Omit all pictures. Print the remaining lines exactly, from the start of the data through the line containing "is the maximum number of trademark".

[Data records]
BEGIN
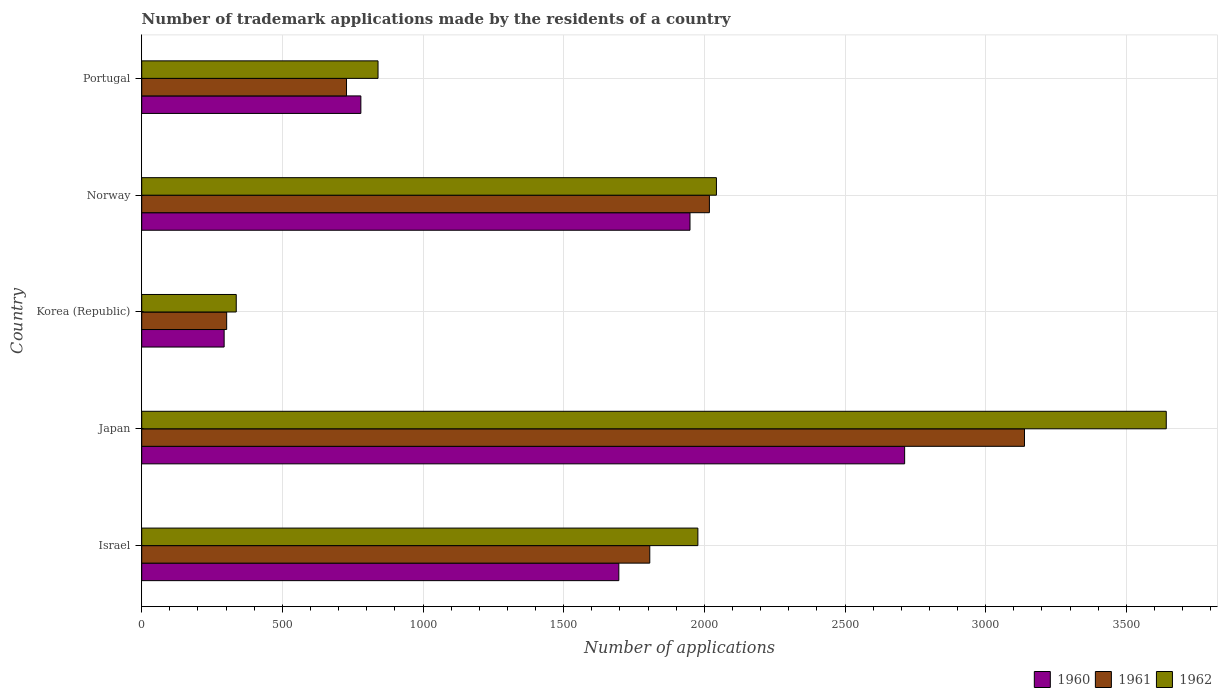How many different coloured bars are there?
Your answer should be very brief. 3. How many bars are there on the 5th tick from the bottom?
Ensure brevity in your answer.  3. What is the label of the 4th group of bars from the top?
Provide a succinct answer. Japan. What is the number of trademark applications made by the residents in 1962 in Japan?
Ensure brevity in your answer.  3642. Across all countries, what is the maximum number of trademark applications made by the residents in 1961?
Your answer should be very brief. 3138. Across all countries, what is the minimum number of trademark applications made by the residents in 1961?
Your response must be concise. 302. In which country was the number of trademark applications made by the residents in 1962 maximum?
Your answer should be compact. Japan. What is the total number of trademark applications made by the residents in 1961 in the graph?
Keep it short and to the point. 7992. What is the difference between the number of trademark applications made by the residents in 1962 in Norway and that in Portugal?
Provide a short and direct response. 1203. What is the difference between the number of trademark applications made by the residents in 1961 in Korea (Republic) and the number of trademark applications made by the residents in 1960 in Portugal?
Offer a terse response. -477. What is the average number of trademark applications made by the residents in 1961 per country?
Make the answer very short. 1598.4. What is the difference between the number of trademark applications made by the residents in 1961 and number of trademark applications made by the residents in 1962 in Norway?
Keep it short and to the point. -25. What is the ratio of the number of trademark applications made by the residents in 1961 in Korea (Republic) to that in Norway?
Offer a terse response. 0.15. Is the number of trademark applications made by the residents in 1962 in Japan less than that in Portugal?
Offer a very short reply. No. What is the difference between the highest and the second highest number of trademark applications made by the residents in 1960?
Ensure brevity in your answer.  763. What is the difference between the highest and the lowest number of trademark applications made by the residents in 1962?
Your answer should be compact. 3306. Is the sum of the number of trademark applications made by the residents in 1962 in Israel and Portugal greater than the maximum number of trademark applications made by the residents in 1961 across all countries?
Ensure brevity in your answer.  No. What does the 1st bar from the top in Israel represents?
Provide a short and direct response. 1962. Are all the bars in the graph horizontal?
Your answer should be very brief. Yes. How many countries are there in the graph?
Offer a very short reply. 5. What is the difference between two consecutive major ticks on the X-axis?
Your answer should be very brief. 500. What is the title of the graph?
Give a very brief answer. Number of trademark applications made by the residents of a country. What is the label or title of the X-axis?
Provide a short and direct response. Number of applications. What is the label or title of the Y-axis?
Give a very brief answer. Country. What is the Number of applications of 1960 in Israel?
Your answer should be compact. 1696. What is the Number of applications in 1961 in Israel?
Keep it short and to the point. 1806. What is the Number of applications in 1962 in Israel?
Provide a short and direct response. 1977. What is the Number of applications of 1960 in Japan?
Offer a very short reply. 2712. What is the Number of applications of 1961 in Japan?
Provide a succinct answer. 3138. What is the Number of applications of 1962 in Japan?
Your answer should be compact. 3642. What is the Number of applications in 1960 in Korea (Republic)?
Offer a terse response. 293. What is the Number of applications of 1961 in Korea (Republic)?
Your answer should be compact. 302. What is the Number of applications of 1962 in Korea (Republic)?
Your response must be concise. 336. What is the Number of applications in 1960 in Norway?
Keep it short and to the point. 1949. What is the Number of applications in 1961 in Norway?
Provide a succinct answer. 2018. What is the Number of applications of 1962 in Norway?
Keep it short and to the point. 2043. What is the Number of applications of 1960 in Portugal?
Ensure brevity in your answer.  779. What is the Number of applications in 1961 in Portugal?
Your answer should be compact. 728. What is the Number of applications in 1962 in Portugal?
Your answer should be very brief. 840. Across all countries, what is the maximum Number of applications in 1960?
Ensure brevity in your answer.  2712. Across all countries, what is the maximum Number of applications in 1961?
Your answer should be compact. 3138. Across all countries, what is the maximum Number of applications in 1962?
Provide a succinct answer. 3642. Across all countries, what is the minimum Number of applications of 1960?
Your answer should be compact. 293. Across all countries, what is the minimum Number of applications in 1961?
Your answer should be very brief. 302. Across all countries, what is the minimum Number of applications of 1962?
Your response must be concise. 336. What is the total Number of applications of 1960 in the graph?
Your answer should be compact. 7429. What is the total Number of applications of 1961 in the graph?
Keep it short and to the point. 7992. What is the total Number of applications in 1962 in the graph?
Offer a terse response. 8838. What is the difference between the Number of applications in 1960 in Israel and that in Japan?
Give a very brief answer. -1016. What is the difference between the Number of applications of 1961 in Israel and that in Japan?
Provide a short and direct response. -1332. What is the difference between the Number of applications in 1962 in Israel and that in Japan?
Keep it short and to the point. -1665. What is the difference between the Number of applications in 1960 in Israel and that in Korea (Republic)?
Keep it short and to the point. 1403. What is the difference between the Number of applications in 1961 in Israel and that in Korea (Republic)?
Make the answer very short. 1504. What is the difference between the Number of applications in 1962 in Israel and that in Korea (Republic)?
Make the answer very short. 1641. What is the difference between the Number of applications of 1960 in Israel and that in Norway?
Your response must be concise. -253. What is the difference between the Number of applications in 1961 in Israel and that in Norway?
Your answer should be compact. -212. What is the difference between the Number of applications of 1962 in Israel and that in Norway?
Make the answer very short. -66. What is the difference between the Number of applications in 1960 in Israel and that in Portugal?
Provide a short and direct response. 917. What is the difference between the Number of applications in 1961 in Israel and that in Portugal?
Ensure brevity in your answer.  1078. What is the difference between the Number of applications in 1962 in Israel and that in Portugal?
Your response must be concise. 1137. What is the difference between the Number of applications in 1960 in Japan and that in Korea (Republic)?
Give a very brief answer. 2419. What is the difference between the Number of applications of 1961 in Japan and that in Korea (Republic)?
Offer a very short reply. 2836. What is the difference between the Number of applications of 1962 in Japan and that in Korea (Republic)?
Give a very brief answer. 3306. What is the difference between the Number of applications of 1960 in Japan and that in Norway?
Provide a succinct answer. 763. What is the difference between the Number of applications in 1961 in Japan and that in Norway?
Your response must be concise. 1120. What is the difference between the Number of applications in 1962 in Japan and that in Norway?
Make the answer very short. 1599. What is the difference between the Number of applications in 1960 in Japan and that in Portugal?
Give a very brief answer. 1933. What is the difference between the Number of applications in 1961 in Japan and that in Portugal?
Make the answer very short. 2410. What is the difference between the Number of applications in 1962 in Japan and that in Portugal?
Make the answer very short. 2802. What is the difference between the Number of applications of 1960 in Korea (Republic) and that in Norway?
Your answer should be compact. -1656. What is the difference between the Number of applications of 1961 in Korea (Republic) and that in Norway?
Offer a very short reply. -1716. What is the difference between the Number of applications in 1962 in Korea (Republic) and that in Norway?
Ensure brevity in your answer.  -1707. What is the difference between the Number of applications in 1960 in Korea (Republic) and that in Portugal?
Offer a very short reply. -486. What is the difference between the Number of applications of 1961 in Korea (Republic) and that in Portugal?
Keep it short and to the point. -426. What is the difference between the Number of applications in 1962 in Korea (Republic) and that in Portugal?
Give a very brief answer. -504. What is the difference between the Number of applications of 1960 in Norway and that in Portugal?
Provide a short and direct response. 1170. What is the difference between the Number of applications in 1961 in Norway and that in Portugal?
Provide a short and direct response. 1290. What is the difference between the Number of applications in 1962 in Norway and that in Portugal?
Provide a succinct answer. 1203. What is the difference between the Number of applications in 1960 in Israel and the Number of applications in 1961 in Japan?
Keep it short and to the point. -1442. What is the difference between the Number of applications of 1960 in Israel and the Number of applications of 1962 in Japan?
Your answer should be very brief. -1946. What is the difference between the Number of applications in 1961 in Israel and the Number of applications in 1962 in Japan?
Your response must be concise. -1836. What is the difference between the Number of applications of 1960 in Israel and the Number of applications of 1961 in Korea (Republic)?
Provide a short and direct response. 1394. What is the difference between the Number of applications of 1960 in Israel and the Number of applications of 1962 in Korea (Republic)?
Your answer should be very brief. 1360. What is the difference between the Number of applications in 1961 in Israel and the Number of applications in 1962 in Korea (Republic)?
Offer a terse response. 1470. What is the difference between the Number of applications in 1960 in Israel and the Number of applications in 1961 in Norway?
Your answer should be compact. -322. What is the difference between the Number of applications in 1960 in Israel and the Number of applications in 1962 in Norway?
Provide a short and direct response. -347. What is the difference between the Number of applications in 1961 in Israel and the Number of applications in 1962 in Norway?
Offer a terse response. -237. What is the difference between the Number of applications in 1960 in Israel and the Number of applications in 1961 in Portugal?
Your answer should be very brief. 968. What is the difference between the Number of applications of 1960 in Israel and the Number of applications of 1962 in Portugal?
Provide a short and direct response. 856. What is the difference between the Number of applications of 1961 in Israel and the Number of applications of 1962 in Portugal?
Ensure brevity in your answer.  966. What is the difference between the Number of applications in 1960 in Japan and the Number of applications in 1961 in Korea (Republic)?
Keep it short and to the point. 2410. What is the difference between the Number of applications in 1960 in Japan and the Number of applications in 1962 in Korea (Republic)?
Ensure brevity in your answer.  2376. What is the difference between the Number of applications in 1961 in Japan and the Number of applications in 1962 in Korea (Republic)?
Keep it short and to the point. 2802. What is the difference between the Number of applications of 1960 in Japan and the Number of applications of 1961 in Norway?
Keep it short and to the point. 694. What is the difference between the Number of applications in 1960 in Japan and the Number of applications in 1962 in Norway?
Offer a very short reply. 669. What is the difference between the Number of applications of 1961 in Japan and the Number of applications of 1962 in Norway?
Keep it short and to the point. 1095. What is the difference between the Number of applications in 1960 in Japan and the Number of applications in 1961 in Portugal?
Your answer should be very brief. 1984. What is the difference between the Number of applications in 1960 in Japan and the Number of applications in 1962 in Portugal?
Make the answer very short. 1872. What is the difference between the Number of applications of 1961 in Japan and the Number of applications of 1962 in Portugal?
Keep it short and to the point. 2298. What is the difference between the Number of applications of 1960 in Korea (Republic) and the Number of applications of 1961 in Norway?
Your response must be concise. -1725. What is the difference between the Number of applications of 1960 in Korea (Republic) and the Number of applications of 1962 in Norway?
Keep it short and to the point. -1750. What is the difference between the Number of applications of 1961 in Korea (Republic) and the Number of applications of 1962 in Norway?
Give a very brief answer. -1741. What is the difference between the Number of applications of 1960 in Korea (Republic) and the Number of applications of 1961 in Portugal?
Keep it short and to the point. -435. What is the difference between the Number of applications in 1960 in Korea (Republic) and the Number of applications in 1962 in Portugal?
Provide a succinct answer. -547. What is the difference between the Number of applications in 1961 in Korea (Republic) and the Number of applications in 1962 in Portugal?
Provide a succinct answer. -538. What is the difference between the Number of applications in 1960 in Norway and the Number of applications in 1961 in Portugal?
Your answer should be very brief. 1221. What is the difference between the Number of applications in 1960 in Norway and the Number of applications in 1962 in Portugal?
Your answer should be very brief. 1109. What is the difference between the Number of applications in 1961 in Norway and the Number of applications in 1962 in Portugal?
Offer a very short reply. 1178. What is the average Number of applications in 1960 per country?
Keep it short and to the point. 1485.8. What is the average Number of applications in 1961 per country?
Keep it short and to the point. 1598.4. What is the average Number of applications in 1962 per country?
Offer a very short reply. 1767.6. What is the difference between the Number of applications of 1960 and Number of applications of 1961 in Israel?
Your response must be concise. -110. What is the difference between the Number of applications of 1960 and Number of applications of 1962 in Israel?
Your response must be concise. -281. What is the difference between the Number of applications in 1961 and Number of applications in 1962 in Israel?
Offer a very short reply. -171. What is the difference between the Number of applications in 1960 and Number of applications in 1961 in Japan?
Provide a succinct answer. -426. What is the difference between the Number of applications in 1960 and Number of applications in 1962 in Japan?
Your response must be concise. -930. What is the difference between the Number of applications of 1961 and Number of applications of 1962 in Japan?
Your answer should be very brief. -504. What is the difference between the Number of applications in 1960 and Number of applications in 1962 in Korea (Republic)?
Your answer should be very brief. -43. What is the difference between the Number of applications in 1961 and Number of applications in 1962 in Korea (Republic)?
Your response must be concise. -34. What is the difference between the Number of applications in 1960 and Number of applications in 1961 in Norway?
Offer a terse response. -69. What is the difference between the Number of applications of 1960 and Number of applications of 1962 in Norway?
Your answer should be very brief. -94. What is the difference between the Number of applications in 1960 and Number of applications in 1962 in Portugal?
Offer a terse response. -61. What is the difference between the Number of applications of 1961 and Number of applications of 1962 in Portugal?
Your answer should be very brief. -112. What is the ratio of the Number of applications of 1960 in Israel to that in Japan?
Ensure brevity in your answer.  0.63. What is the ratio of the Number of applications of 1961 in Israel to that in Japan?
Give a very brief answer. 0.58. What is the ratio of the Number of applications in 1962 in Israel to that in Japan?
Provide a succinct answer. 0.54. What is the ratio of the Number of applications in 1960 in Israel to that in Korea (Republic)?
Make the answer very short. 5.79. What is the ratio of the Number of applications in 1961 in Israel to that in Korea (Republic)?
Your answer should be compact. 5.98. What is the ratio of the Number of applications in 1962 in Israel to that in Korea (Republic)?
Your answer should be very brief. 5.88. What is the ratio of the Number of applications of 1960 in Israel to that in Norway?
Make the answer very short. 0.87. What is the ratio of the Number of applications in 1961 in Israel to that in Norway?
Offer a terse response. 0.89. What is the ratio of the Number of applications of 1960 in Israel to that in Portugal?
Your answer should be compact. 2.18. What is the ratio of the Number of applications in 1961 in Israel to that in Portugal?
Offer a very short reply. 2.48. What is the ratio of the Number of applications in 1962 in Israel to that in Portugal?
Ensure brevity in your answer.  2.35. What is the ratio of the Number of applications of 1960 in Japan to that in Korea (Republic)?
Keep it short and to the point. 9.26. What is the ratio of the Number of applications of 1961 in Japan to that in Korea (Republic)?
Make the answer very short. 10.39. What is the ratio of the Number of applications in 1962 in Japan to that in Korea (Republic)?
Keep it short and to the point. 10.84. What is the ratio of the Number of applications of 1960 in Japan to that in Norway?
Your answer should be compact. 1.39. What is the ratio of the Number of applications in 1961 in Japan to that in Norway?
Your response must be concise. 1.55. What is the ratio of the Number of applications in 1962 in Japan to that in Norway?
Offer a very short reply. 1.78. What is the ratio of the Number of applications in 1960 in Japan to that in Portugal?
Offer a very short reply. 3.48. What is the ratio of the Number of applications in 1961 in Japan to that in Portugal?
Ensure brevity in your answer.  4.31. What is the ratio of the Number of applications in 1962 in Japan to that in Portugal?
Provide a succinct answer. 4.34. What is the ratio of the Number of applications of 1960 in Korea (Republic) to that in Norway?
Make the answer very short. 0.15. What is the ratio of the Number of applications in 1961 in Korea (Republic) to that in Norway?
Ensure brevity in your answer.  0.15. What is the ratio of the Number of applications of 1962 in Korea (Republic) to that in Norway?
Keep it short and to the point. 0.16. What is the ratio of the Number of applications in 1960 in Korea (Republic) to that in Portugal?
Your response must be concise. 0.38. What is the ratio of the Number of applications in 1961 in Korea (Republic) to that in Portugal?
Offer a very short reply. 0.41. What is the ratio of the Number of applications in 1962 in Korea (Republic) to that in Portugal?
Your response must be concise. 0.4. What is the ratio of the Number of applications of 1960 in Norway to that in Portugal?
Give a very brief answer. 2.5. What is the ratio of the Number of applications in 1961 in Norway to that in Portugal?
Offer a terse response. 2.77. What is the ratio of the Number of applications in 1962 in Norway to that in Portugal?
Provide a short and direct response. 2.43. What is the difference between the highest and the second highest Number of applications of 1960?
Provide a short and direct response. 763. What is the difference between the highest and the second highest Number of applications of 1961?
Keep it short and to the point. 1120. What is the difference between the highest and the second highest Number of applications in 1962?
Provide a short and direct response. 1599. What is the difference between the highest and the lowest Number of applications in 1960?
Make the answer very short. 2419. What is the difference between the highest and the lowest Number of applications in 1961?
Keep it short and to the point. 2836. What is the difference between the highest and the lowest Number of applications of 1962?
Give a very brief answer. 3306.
END
Response to the exercise =>
How many different coloured bars are there?
Your answer should be very brief. 3. How many bars are there on the 5th tick from the bottom?
Ensure brevity in your answer.  3. What is the label of the 4th group of bars from the top?
Provide a succinct answer. Japan. What is the number of trademark applications made by the residents in 1962 in Japan?
Ensure brevity in your answer.  3642. Across all countries, what is the maximum number of trademark applications made by the residents in 1961?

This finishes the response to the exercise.